I like this colourful expression.  I seem to recall that it's from a story about a fox that was trying to get some grapes, but they were too high to reach.  So he said "Oh well, they are probably sour anyway."


----------



## carolineR

wildan1 said:


> _A: Sarah said she didn't think Jenny deserved first prize.
> B: Sarah may have said that, but I think it's just *sour grapes* because she didn't win herself._


it's not the same register at all, but in this case you could say "Sarah dit ça parce qu'elle est vexée comme un pou de ne pas avoir gagné."


----------



## carolineR

sour grapes = dépit
so you could say "Sarah dit ça parce qu'elle est est très dépitée de ne pas avoir gagné."


----------



## Embonpoint

"sour grapes" en anglais va un peu plus loin. C'est surtout le fait de faire semblant de ne pas avoir jamais voulu ce que vous n'avez pas pu obtenir. Par example, vous déposer une candidature à une entreprise où vous avez vraiment envie de travailler. 

Vous êtes refusé, et vous dites, "Ça fait rien. La poste était nul et ne payait pas assez." On dirait en anglais que c'est "sour grapes."

Quelqu'un connait une expression française pour ça?


----------



## archijacq

éventuellement:
elle dit ça *par aigreur*


----------



## Agnès. H

Hello forum,

I am coming a little late but I am stuck with the same expression...

In my case, Sour Grapes is a nickname given to a woman who is ... sour grapes.

It's even more difficlut to find a French expression that could express the same meaning as well as be a good nickname.

Any ideas?

Thanks in advance


----------



## carolineR

Agnès.
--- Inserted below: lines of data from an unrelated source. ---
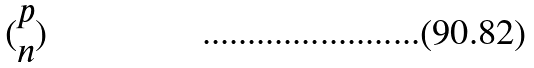Convert formula to latex. <formula><loc_0><loc_0><loc_500><loc_500>( \begin{matrix} p \\ n \end{matrix} )</formula> 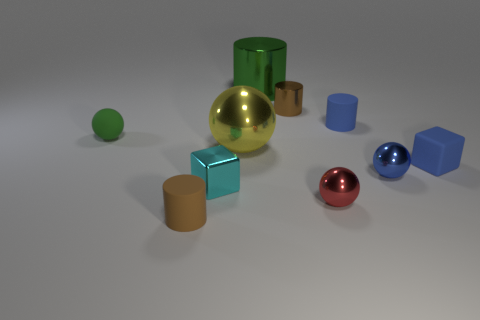Is the color of the matte cylinder that is left of the big green thing the same as the small metal cylinder?
Your response must be concise. Yes. Is there a matte thing that has the same color as the small metallic cylinder?
Offer a terse response. Yes. There is a tiny blue thing behind the sphere that is on the left side of the object in front of the small red metal object; what shape is it?
Make the answer very short. Cylinder. Is there another blue cube that has the same material as the blue block?
Your answer should be very brief. No. Is the color of the tiny rubber cylinder that is behind the blue cube the same as the small metallic ball that is behind the tiny cyan shiny thing?
Offer a terse response. Yes. Are there fewer cyan shiny blocks that are left of the small brown metal cylinder than small purple metal cylinders?
Give a very brief answer. No. What number of things are tiny cyan balls or small brown cylinders in front of the tiny blue block?
Offer a very short reply. 1. There is a sphere that is the same material as the blue cube; what color is it?
Your answer should be compact. Green. How many things are brown rubber things or big purple metal cubes?
Your response must be concise. 1. There is a metal cube that is the same size as the red metal thing; what color is it?
Your answer should be compact. Cyan. 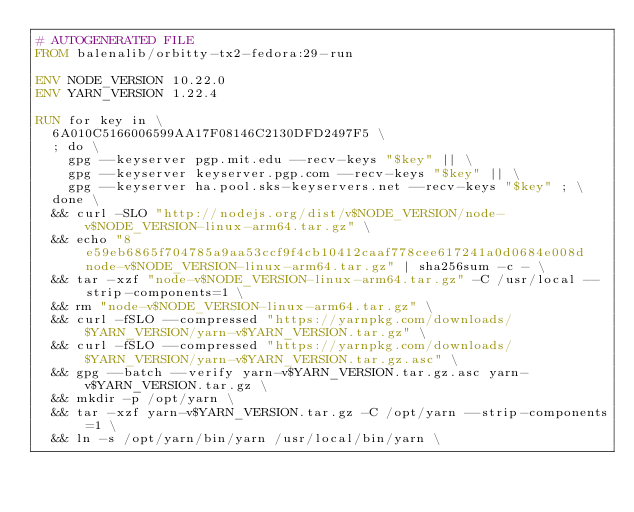Convert code to text. <code><loc_0><loc_0><loc_500><loc_500><_Dockerfile_># AUTOGENERATED FILE
FROM balenalib/orbitty-tx2-fedora:29-run

ENV NODE_VERSION 10.22.0
ENV YARN_VERSION 1.22.4

RUN for key in \
	6A010C5166006599AA17F08146C2130DFD2497F5 \
	; do \
		gpg --keyserver pgp.mit.edu --recv-keys "$key" || \
		gpg --keyserver keyserver.pgp.com --recv-keys "$key" || \
		gpg --keyserver ha.pool.sks-keyservers.net --recv-keys "$key" ; \
	done \
	&& curl -SLO "http://nodejs.org/dist/v$NODE_VERSION/node-v$NODE_VERSION-linux-arm64.tar.gz" \
	&& echo "8e59eb6865f704785a9aa53ccf9f4cb10412caaf778cee617241a0d0684e008d  node-v$NODE_VERSION-linux-arm64.tar.gz" | sha256sum -c - \
	&& tar -xzf "node-v$NODE_VERSION-linux-arm64.tar.gz" -C /usr/local --strip-components=1 \
	&& rm "node-v$NODE_VERSION-linux-arm64.tar.gz" \
	&& curl -fSLO --compressed "https://yarnpkg.com/downloads/$YARN_VERSION/yarn-v$YARN_VERSION.tar.gz" \
	&& curl -fSLO --compressed "https://yarnpkg.com/downloads/$YARN_VERSION/yarn-v$YARN_VERSION.tar.gz.asc" \
	&& gpg --batch --verify yarn-v$YARN_VERSION.tar.gz.asc yarn-v$YARN_VERSION.tar.gz \
	&& mkdir -p /opt/yarn \
	&& tar -xzf yarn-v$YARN_VERSION.tar.gz -C /opt/yarn --strip-components=1 \
	&& ln -s /opt/yarn/bin/yarn /usr/local/bin/yarn \</code> 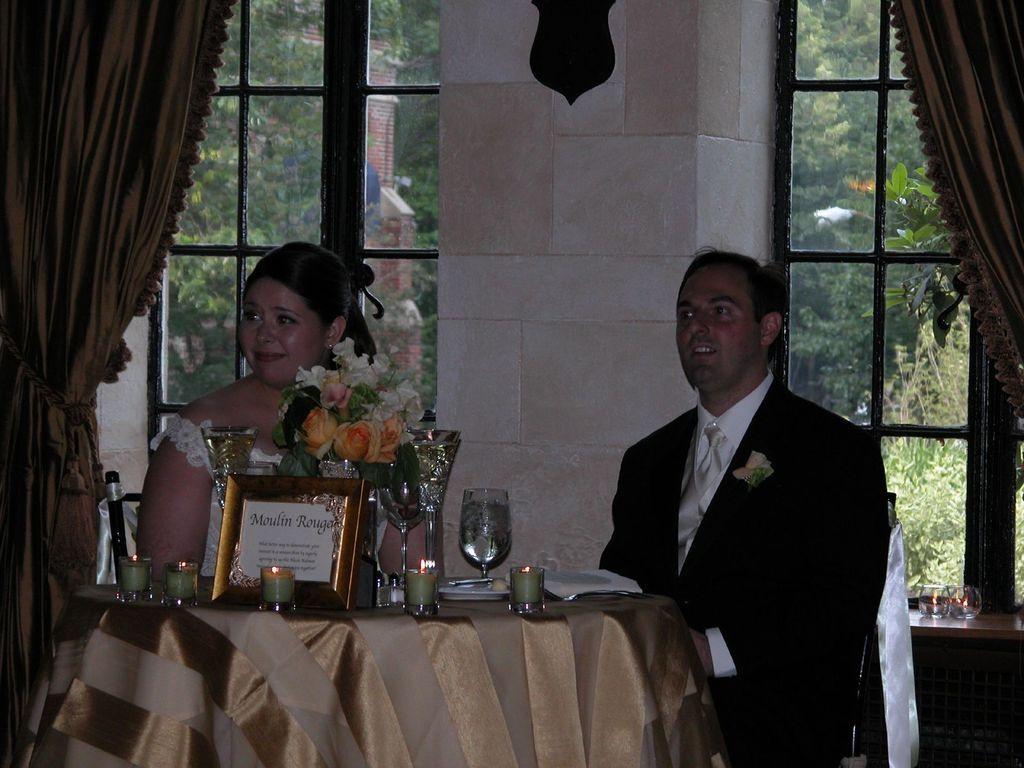Could you give a brief overview of what you see in this image? This woman and this man are sitting on a chair. On this table there are candles, flowers and glasses. From this window we can able to see trees. This is curtain. 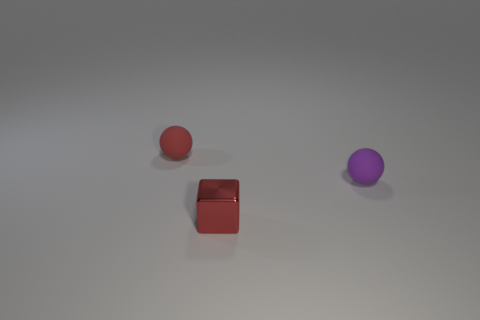Are there any other things that have the same shape as the tiny red shiny object?
Ensure brevity in your answer.  No. There is another matte thing that is the same shape as the purple matte thing; what is its color?
Your answer should be very brief. Red. There is a sphere left of the red metal thing; is it the same size as the red cube?
Make the answer very short. Yes. Are the tiny purple sphere and the sphere that is behind the tiny purple matte sphere made of the same material?
Ensure brevity in your answer.  Yes. Are there fewer red matte objects that are in front of the tiny purple rubber object than red things that are left of the cube?
Give a very brief answer. Yes. What is the color of the other small ball that is made of the same material as the tiny red ball?
Make the answer very short. Purple. There is a matte ball on the right side of the red matte object; is there a tiny matte sphere on the right side of it?
Your answer should be very brief. No. There is another rubber object that is the same size as the purple thing; what is its color?
Provide a succinct answer. Red. How many objects are big brown cylinders or small rubber balls?
Your response must be concise. 2. There is a red thing in front of the rubber ball in front of the small object that is behind the tiny purple rubber object; what is its size?
Your response must be concise. Small. 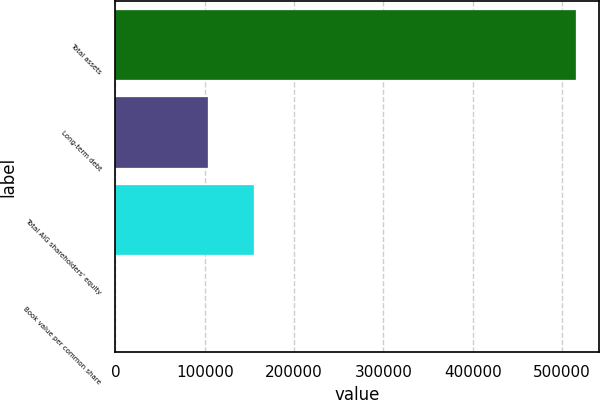<chart> <loc_0><loc_0><loc_500><loc_500><bar_chart><fcel>Total assets<fcel>Long-term debt<fcel>Total AIG shareholders' equity<fcel>Book value per common share<nl><fcel>515581<fcel>103172<fcel>154723<fcel>69.98<nl></chart> 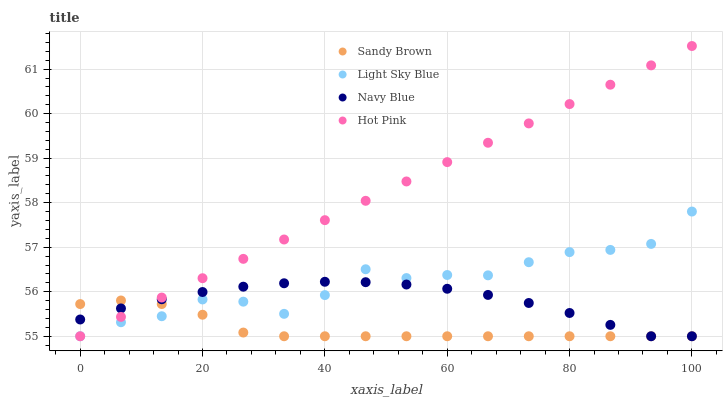Does Sandy Brown have the minimum area under the curve?
Answer yes or no. Yes. Does Hot Pink have the maximum area under the curve?
Answer yes or no. Yes. Does Light Sky Blue have the minimum area under the curve?
Answer yes or no. No. Does Light Sky Blue have the maximum area under the curve?
Answer yes or no. No. Is Hot Pink the smoothest?
Answer yes or no. Yes. Is Light Sky Blue the roughest?
Answer yes or no. Yes. Is Sandy Brown the smoothest?
Answer yes or no. No. Is Sandy Brown the roughest?
Answer yes or no. No. Does Navy Blue have the lowest value?
Answer yes or no. Yes. Does Hot Pink have the highest value?
Answer yes or no. Yes. Does Light Sky Blue have the highest value?
Answer yes or no. No. Does Light Sky Blue intersect Hot Pink?
Answer yes or no. Yes. Is Light Sky Blue less than Hot Pink?
Answer yes or no. No. Is Light Sky Blue greater than Hot Pink?
Answer yes or no. No. 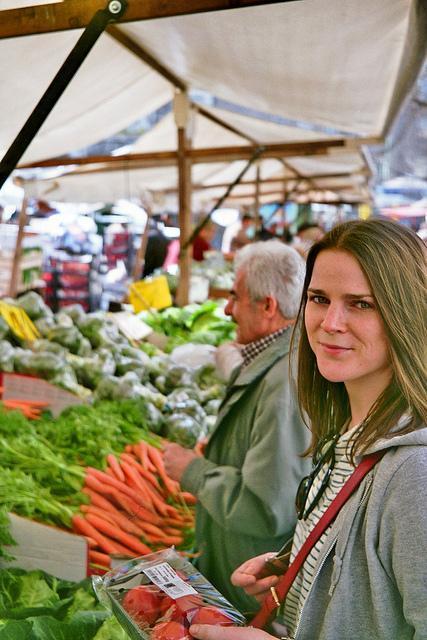How many people can be seen?
Give a very brief answer. 2. How many broccolis are there?
Give a very brief answer. 2. 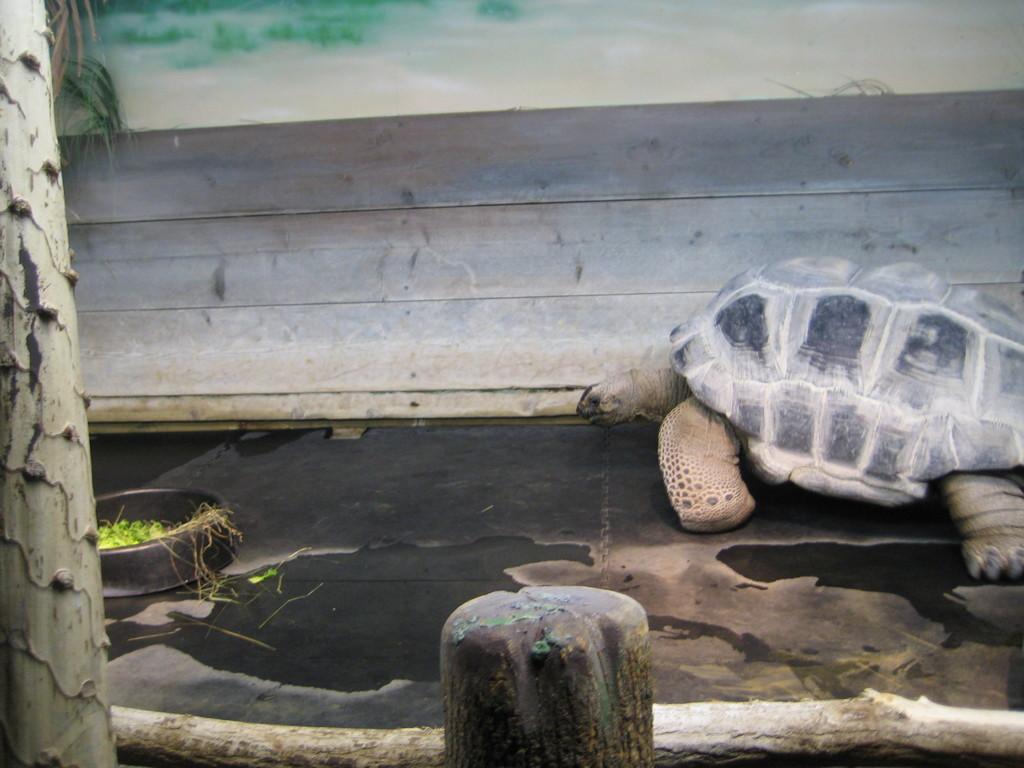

H said:


> In my case, Sour Grapes is a nickname given to a woman who is ... sour grapes.


 "Maigre Consolation" ?


----------



## Agnès. H

Nous l'appelons "Maigre Consolation". Je ne sais pas.
Cela ne me parait pas aussi amusant...
Est-ce que je suis un peu trop difficile?


----------



## carolineR

Miss Dépit ?


----------



## Agnès. H

Oui, beaucoup mieux, avec Madame, cela marche aussi. Merci


----------



## murf123

I've always heard the expression as Wildan1: "..I think it's just (_*a case of*_) sour grapes..." More like CarolineR's "depitee" or Edwingill's "depit." The connotation "resentment" or with a tinge 'bitterness' comes to mind. The reference to LaFontaine is interesting as I always thought the image of a face contracted or puckered (as if tasting sour grapes) was the origin. Then there is the Hollywood metaphor of "toiling in the vineyard of sour grapes..." might recall someone who's still waiting bitterly for his/her big chance.


----------



## Doc J

One last point about sour grapes. It is  considered a rhetorical device of defense: it is often used after someone shows interest in something but gets rejected and then pretends that he or she was not interested in the something in the first place. It is the decietful practice of denying previous realities.


----------



## mgarizona

I suppose _Madame Raisins-trop-verts_ would be too much???

The OED glosses the usage nicely: "when a person is heard to disparage something which it is suspected he would be glad to possess if he could."

When a second-rate actor rails against the meaninglessness of receiving an Oscar, one may suspect him of "sour grapes." 

_Dépit, déceptio_n, etc. are pale approximations.


----------



## LILOIA

(par) dépit is great :    It's the word I was looking for.


----------



## djamal 2008

LILOIA said:


> (par) dépit is great :    It's the word I was looking for.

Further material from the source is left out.